Yeah, just the air-space situation is considerable. Most of these air races happen over highly populated areas, and of course that's why they put them over the water. They've got commercial air space right over where the race is going on. I've always been curious about one thing in watching these, though. I know the pilots want to hear their scores right away. I know they have to hear the controllers, but who tells them their scores?
Basically, that's the race director. Technically, there are several people who could talk to the airplanes, since it's also part of how our communication's set up, but the one who really is authorized and really is capable and able to do so is the race director. We really try to try to keep the number of people who really can talk to the planes as small as possible, so usually it's the race director, and there's a couple of more people just in case of an incident who could also talk on that channel. [Timestamp: 10:22]

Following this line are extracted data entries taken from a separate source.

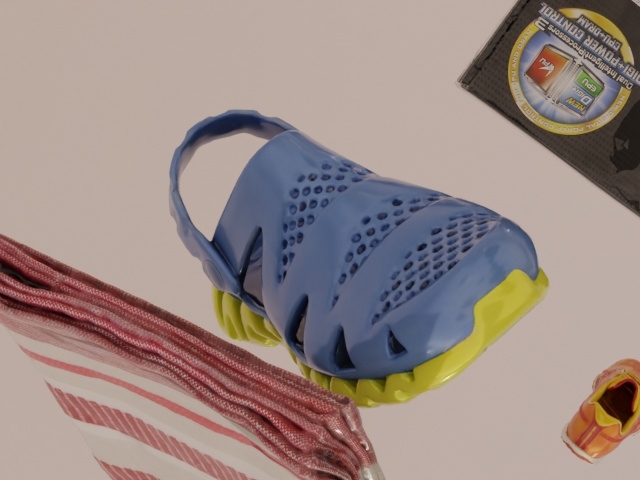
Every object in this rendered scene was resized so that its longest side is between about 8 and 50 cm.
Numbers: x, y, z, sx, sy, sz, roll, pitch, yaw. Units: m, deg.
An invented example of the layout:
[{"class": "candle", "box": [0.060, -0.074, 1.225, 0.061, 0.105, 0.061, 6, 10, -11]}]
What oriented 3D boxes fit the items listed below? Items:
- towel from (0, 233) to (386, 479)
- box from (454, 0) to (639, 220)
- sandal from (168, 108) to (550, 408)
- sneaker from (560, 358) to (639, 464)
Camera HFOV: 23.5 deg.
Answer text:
[{"class": "towel", "box": [-0.053, 0.131, 0.820, 0.037, 0.237, 0.329, -54, -32, -23]}, {"class": "box", "box": [0.258, -0.110, 1.005, 0.270, 0.060, 0.216, 36, -86, -2]}, {"class": "sandal", "box": [0.000, 0.000, 0.859, 0.126, 0.317, 0.138, -38, -68, -23]}, {"class": "sneaker", "box": [0.276, 0.147, 1.401, 0.064, 0.175, 0.067, 40, -61, 7]}]

And that has to be laid out in planning and puts a huge responsibility on the controllers and on the communications design to make sure you don't have a big tower of Babel going on.
Well, you just said something about the air traffic and managing this. Managing all the kind of communication signals and signal distribution is a kind of complex task, which is like the task managing the air space. And basically, that is a very, very interesting picture of seeing that task being a similar thing like what we do with our MediorNet. [Timestamp: 10:56]

A tremendous job of coordination. Thomas, it's been great having you on here for part one, and in part two we're going to get more into Riedel's MediorNet and how you did the audio for the crowd and how you feed those huge video monitors. So it's been fabulous having you here and we'll see you again in part two.
Yeah, thank you very much for now.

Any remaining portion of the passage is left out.